Prisoners Dilemma: non-trivial results for the lowest temptation level in the Darwinian and Pavlovian evolutionary strategies

The lowest temptation level (T = 1) is considered a trivial case for the Prisoner’s Dilemma. Here, we show that this statement is true only for a very particular case, where the players interact with only one player. Otherwise, if the players interact with more than one player, the system presents the same possible behaviors observed for $T > 1$. In the steady state, the system can reach the cooperative, chaotic or defective phases, when adopting the Darwinian Evolutionary Strategy and the cooperative or quasi-regular phases, adopting the Pavlovian Evolutionary Strategy.

💡 Research Summary

The paper revisits the widely held belief that the Prisoner’s Dilemma (PD) with the lowest temptation value (T = 1) is a trivial case because the payoff matrix collapses to a situation where cooperating and defecting yield the same immediate reward. The authors demonstrate that this triviality holds only when each player interacts with a single opponent. When agents are embedded in a network and engage simultaneously with multiple neighbors, the collective dynamics become far from trivial and exhibit a rich set of macroscopic phases.

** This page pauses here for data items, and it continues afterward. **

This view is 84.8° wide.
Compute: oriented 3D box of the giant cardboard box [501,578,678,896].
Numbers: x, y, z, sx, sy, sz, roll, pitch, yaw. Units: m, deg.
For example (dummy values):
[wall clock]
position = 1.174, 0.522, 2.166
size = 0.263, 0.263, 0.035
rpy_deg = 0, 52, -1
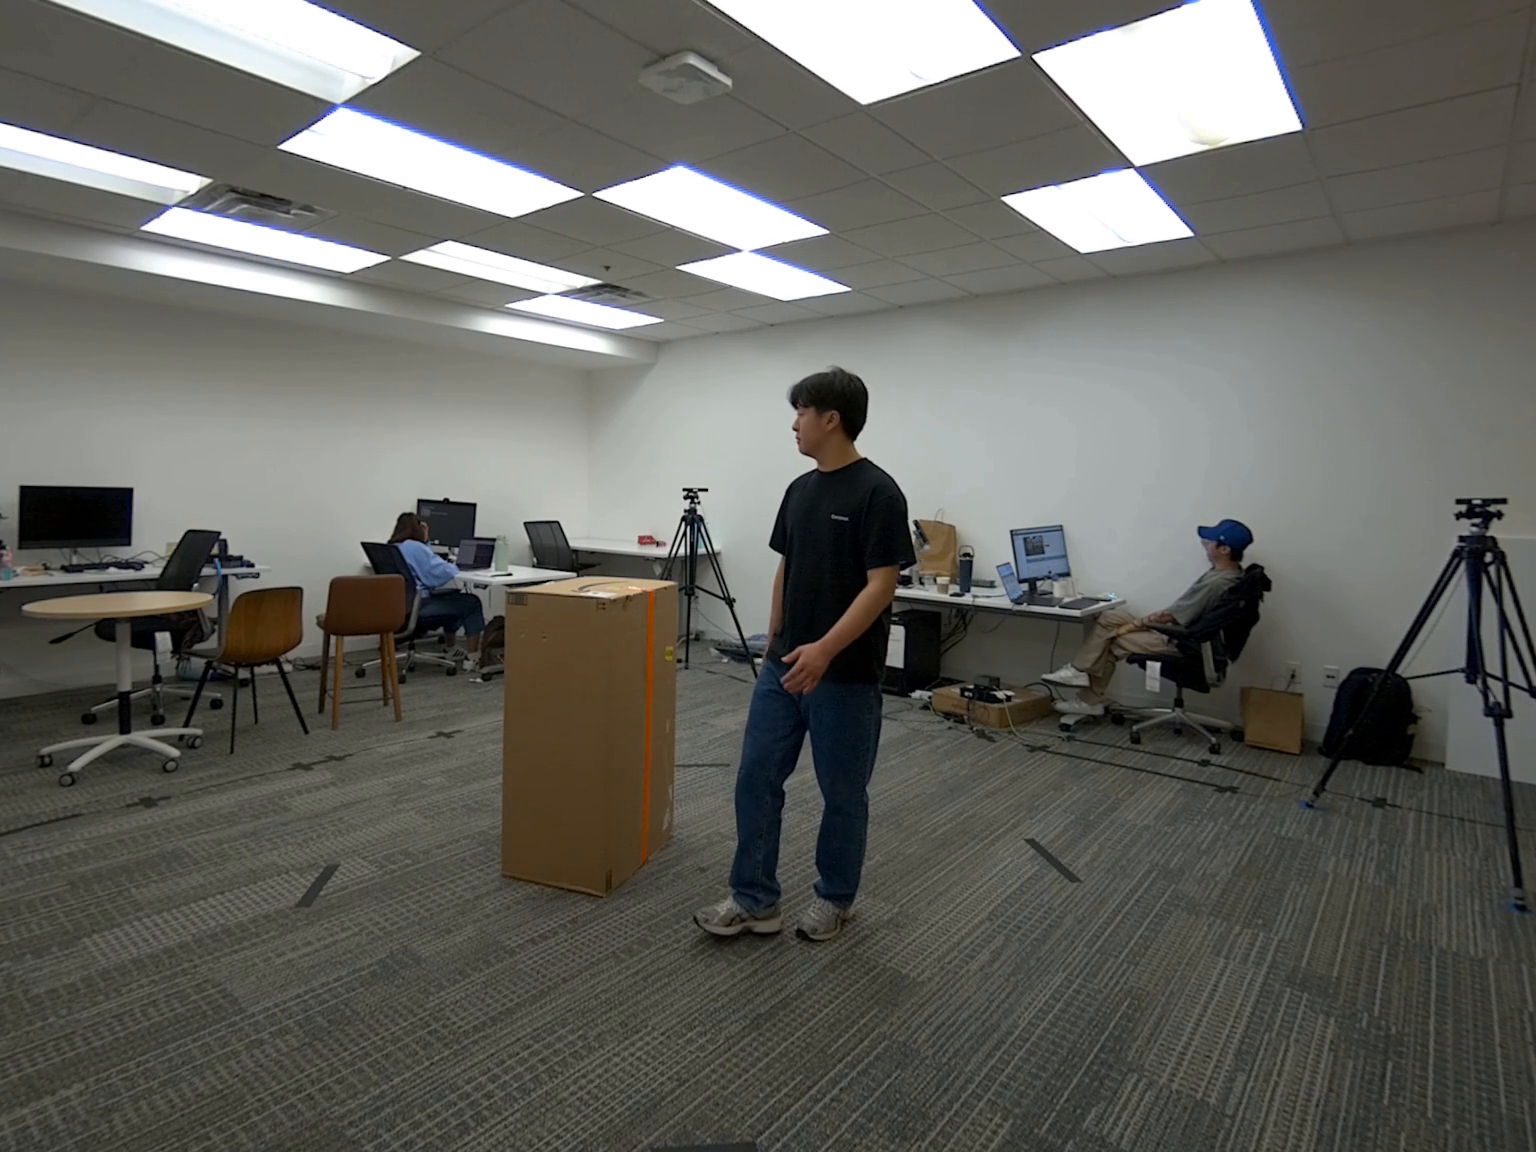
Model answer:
[giant cardboard box]
position = -0.661, 0.541, 3.192
size = 0.457, 1.024, 0.572
rpy_deg = 3, 3, 21

Two evolutionary update rules are examined. The first, termed the Darwinian Evolutionary Strategy (DES), implements a “survival of the fittest” mechanism: after each round every agent copies the strategy of the neighbor with the highest accumulated payoff (with a probabilistic bias toward the best). The second, the Pavlovian Evolutionary Strategy (PES), follows the classic “win‑stay, lose‑shift” principle: an agent retains its current action if the payoff obtained in the last round meets or exceeds an expected threshold, otherwise it flips to the opposite action. Both rules are applied asynchronously to avoid artificial synchrony.

The agents are placed on three representative graph topologies: a regular two‑dimensional lattice (four‑neighbour connectivity), an Erdős‑Rényi random graph, and a Barabási‑Albert scale‑free network. Initial conditions vary from all‑defectors to all‑cooperators, with random mixtures in between, and simulations run for 10 000 iterations to ensure convergence to steady‑state behavior.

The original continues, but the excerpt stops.